● ABOUT THIS TASK
Please give back all the records exactly, but keep the pictures out.

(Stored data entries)
===============

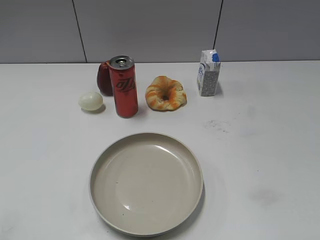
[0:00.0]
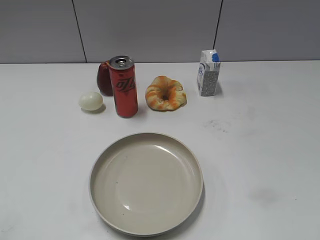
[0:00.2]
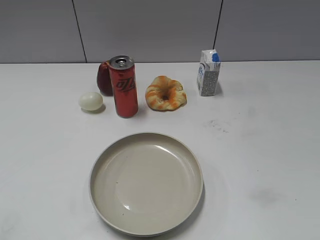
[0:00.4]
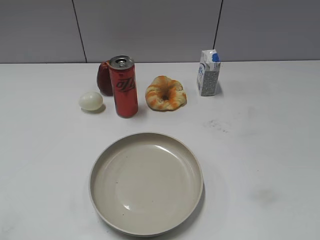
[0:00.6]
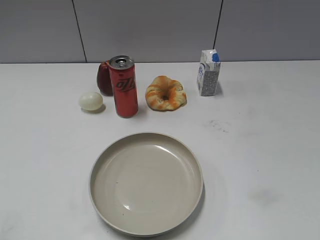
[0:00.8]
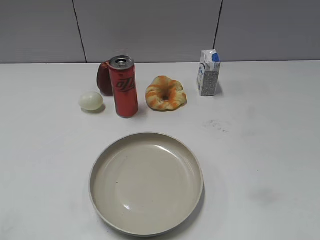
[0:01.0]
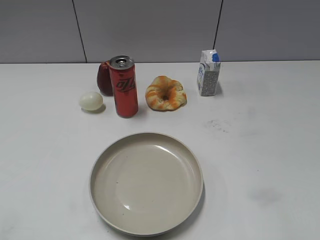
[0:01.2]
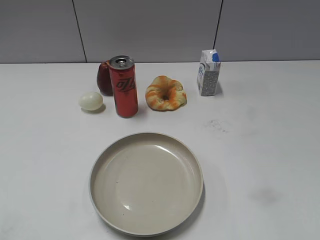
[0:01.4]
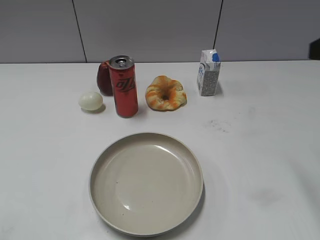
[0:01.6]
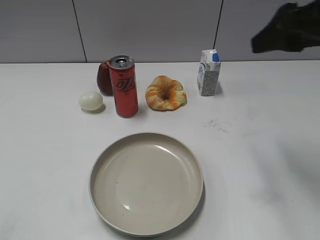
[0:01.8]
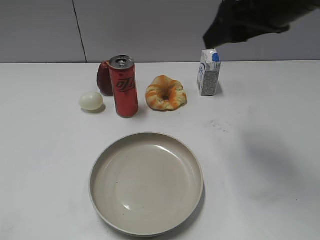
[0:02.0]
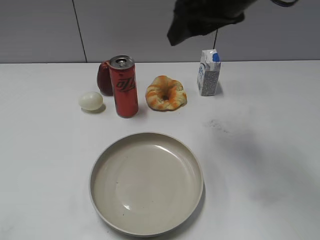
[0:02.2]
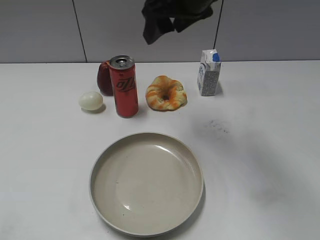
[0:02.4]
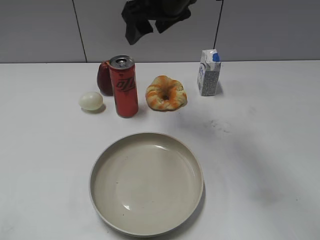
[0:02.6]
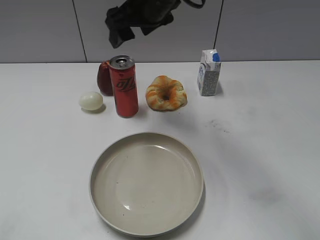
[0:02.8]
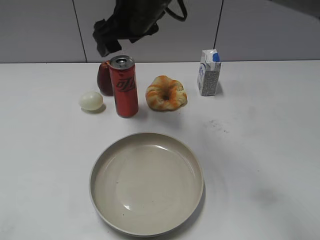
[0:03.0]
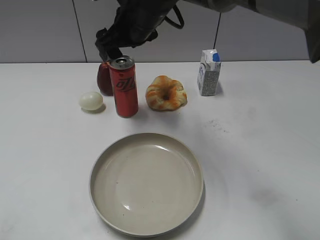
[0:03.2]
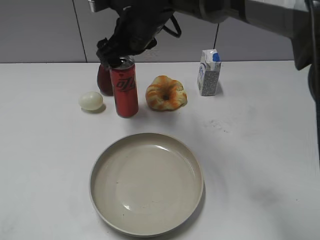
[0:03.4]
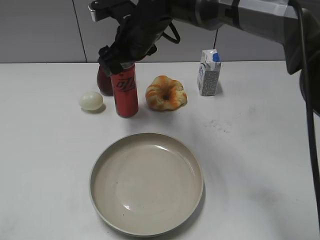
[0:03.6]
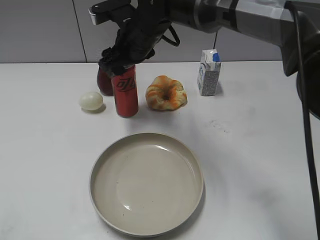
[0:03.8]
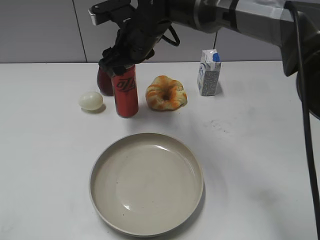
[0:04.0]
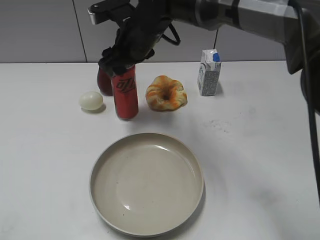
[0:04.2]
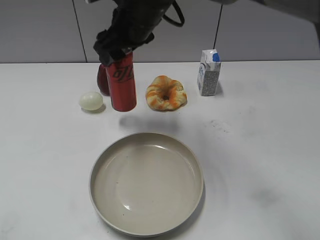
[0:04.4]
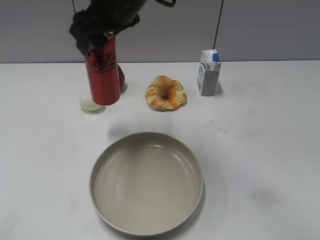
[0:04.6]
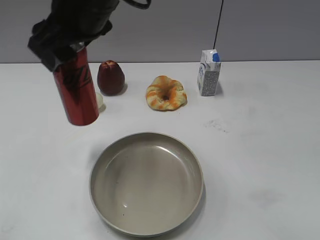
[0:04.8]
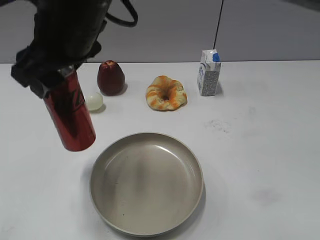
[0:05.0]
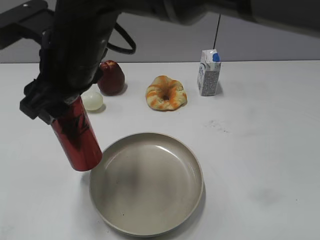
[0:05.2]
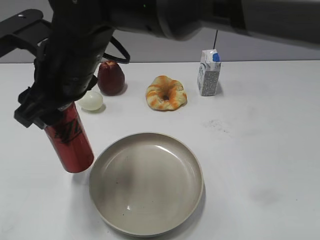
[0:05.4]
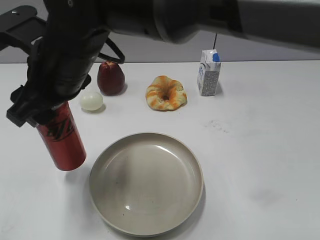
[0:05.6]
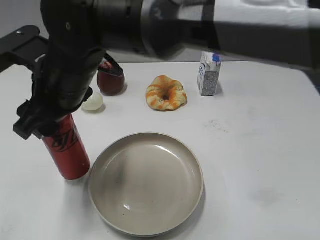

===============

● SOLUTION FOR THIS PROBLEM
[0:00.0]
[0:00.2]
[0:00.4]
[0:00.6]
[0:00.8]
[0:01.0]
[0:01.2]
[0:01.4]
[0:01.6]
[0:01.8]
[0:02.0]
[0:02.2]
[0:02.4]
[0:02.6]
[0:02.8]
[0:03.0]
[0:03.2]
[0:03.4]
[0:03.6]
[0:03.8]
[0:04.0]
[0:04.2]
[0:04.4]
[0:04.6]
[0:04.8]
[0:05.0]
[0:05.2]
[0:05.4]
[0:05.6]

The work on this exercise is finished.